§ How to complete this task
Write out the listing below in its entirety, minus the pictures, without changing a word.

· · · ·

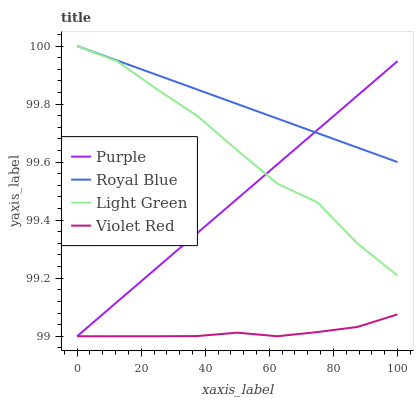Does Violet Red have the minimum area under the curve?
Answer yes or no. Yes. Does Royal Blue have the maximum area under the curve?
Answer yes or no. Yes. Does Royal Blue have the minimum area under the curve?
Answer yes or no. No. Does Violet Red have the maximum area under the curve?
Answer yes or no. No. Is Purple the smoothest?
Answer yes or no. Yes. Is Light Green the roughest?
Answer yes or no. Yes. Is Royal Blue the smoothest?
Answer yes or no. No. Is Royal Blue the roughest?
Answer yes or no. No. Does Royal Blue have the lowest value?
Answer yes or no. No. Does Light Green have the highest value?
Answer yes or no. Yes. Does Violet Red have the highest value?
Answer yes or no. No. Is Violet Red less than Royal Blue?
Answer yes or no. Yes. Is Light Green greater than Violet Red?
Answer yes or no. Yes. Does Light Green intersect Purple?
Answer yes or no. Yes. Is Light Green less than Purple?
Answer yes or no. No. Is Light Green greater than Purple?
Answer yes or no. No. Does Violet Red intersect Royal Blue?
Answer yes or no. No.

· · · ·

§ Result
Does Violet Red have the minimum area under the curve?
Answer yes or no. Yes. Does Royal Blue have the maximum area under the curve?
Answer yes or no. Yes. Does Royal Blue have the minimum area under the curve?
Answer yes or no. No. Does Violet Red have the maximum area under the curve?
Answer yes or no. No. Is Purple the smoothest?
Answer yes or no. Yes. Is Light Green the roughest?
Answer yes or no. Yes. Is Royal Blue the smoothest?
Answer yes or no. No. Is Royal Blue the roughest?
Answer yes or no. No. Does Royal Blue have the lowest value?
Answer yes or no. No. Does Light Green have the highest value?
Answer yes or no. Yes. Does Violet Red have the highest value?
Answer yes or no. No. Is Violet Red less than Royal Blue?
Answer yes or no. Yes. Is Light Green greater than Violet Red?
Answer yes or no. Yes. Does Light Green intersect Purple?
Answer yes or no. Yes. Is Light Green less than Purple?
Answer yes or no. No. Is Light Green greater than Purple?
Answer yes or no. No. Does Violet Red intersect Royal Blue?
Answer yes or no. No.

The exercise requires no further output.